# Task:
Stop at the line containing "Convert code to": write out every line from the beginning of the entries up to and including it, minus the pictures.

# Data in this exercise:

────────

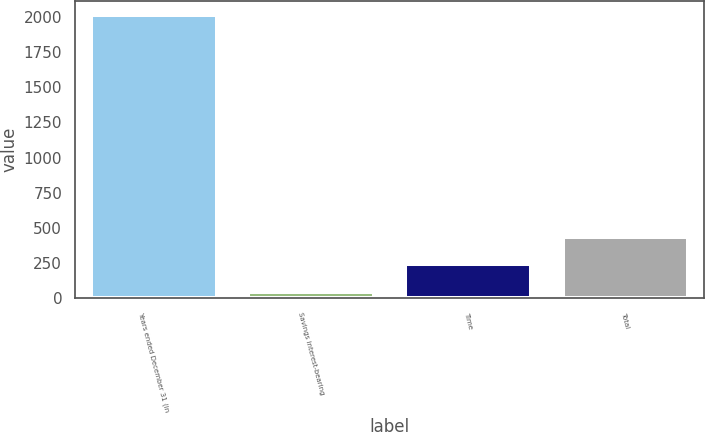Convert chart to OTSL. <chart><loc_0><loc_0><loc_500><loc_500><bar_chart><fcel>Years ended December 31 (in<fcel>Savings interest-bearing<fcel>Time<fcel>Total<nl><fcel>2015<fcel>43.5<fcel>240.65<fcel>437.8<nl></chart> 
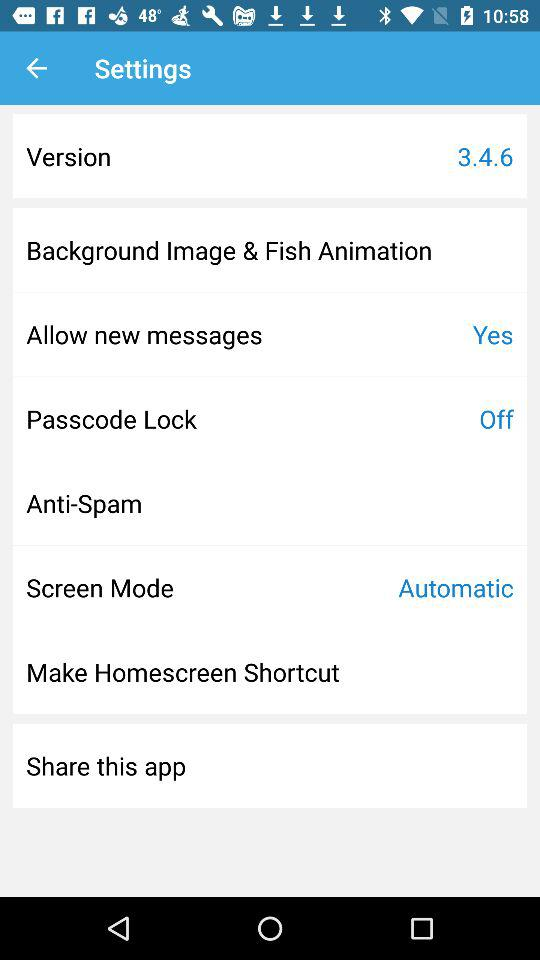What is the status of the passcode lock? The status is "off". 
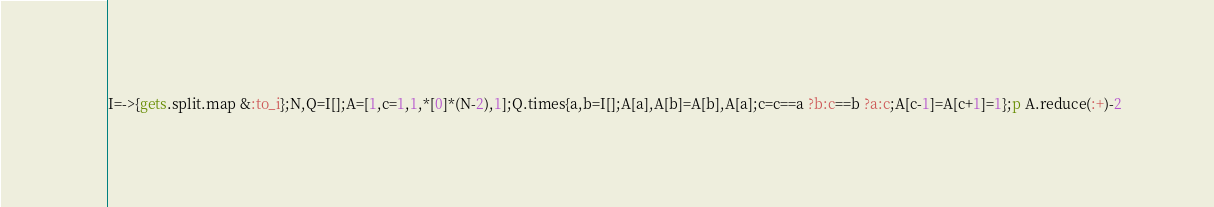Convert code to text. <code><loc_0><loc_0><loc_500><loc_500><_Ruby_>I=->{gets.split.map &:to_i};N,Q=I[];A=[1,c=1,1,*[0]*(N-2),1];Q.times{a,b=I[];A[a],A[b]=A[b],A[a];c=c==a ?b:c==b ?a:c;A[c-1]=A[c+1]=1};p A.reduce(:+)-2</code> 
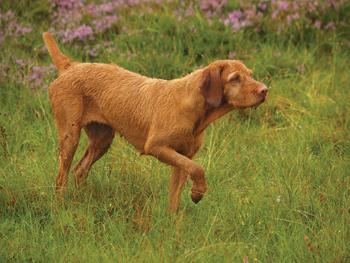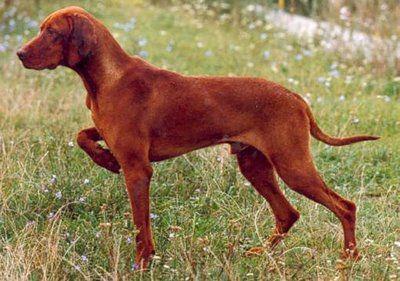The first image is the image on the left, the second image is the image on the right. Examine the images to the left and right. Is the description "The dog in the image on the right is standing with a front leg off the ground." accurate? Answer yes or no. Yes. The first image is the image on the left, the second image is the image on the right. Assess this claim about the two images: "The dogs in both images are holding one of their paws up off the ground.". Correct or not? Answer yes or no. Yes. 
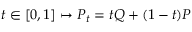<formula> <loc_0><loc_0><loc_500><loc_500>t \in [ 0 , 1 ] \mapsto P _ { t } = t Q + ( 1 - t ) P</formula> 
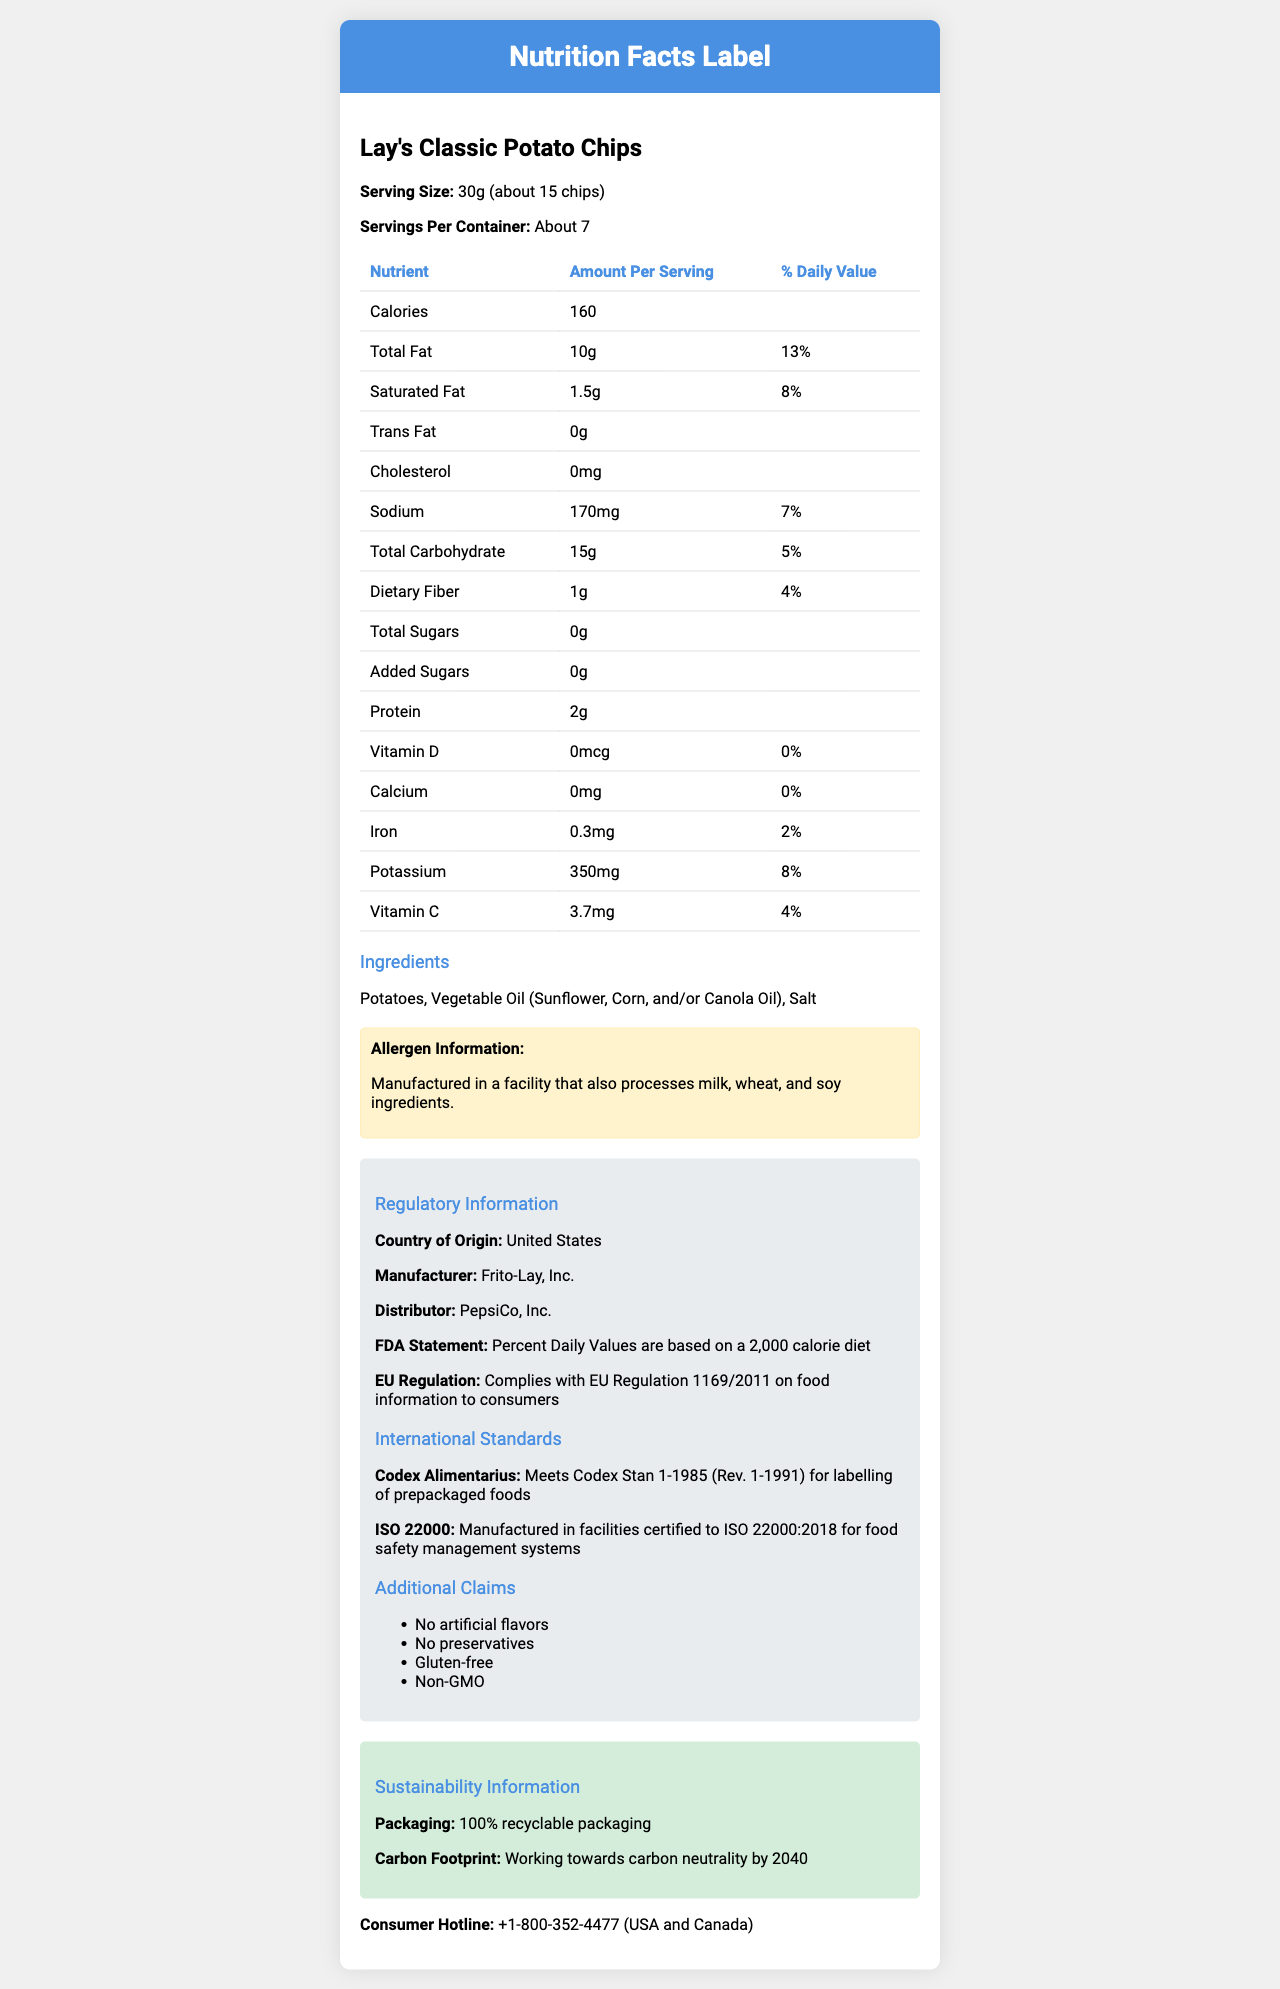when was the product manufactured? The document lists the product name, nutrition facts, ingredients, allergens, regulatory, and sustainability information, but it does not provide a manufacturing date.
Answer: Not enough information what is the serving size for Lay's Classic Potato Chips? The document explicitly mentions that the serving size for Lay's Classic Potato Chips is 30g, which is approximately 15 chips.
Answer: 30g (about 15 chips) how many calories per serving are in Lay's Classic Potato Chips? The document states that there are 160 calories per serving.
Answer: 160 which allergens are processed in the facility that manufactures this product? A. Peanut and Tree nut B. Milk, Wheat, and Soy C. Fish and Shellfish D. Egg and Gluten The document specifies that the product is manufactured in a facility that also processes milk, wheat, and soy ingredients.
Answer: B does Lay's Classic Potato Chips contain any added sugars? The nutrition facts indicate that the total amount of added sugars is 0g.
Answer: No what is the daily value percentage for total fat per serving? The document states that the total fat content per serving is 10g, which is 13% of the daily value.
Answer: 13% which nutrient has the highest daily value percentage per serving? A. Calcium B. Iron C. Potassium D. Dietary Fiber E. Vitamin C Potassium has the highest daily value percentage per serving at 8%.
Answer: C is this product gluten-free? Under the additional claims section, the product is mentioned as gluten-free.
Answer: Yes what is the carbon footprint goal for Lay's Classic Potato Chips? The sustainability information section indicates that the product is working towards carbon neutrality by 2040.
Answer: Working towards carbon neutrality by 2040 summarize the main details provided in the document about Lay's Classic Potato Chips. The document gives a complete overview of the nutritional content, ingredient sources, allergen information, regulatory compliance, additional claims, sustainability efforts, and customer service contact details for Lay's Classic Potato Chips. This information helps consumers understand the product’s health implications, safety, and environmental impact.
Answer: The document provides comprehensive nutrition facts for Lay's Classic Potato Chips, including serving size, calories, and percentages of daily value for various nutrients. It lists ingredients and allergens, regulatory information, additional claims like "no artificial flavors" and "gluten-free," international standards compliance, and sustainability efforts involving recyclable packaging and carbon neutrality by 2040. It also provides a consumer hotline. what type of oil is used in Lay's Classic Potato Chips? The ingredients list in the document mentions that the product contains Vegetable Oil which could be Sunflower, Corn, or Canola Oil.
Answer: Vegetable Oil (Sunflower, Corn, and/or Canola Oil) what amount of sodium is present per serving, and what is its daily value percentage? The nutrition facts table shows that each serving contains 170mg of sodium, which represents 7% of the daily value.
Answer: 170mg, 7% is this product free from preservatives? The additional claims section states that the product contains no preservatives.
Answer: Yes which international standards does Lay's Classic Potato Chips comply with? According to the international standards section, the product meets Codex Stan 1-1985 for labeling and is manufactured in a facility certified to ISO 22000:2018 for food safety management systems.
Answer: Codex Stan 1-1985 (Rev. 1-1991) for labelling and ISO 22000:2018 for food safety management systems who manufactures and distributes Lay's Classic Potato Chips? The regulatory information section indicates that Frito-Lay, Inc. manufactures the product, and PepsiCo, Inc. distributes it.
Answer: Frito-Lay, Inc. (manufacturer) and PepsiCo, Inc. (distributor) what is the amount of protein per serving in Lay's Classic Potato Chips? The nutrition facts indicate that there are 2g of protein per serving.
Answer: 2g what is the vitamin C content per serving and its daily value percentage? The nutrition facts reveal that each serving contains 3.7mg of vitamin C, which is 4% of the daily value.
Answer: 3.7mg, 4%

────────

# Exercise result:
Convert chart to OTSL. <chart><loc_0><loc_0><loc_500><loc_500><bar_chart><fcel>Years ended December 31 (in<fcel>Savings interest-bearing<fcel>Time<fcel>Total<nl><fcel>2015<fcel>43.5<fcel>240.65<fcel>437.8<nl></chart> 
What is the status of the passcode lock? The status is "off". 
Convert code to text. <code><loc_0><loc_0><loc_500><loc_500><_Ruby_>I=->{gets.split.map &:to_i};N,Q=I[];A=[1,c=1,1,*[0]*(N-2),1];Q.times{a,b=I[];A[a],A[b]=A[b],A[a];c=c==a ?b:c==b ?a:c;A[c-1]=A[c+1]=1};p A.reduce(:+)-2</code> 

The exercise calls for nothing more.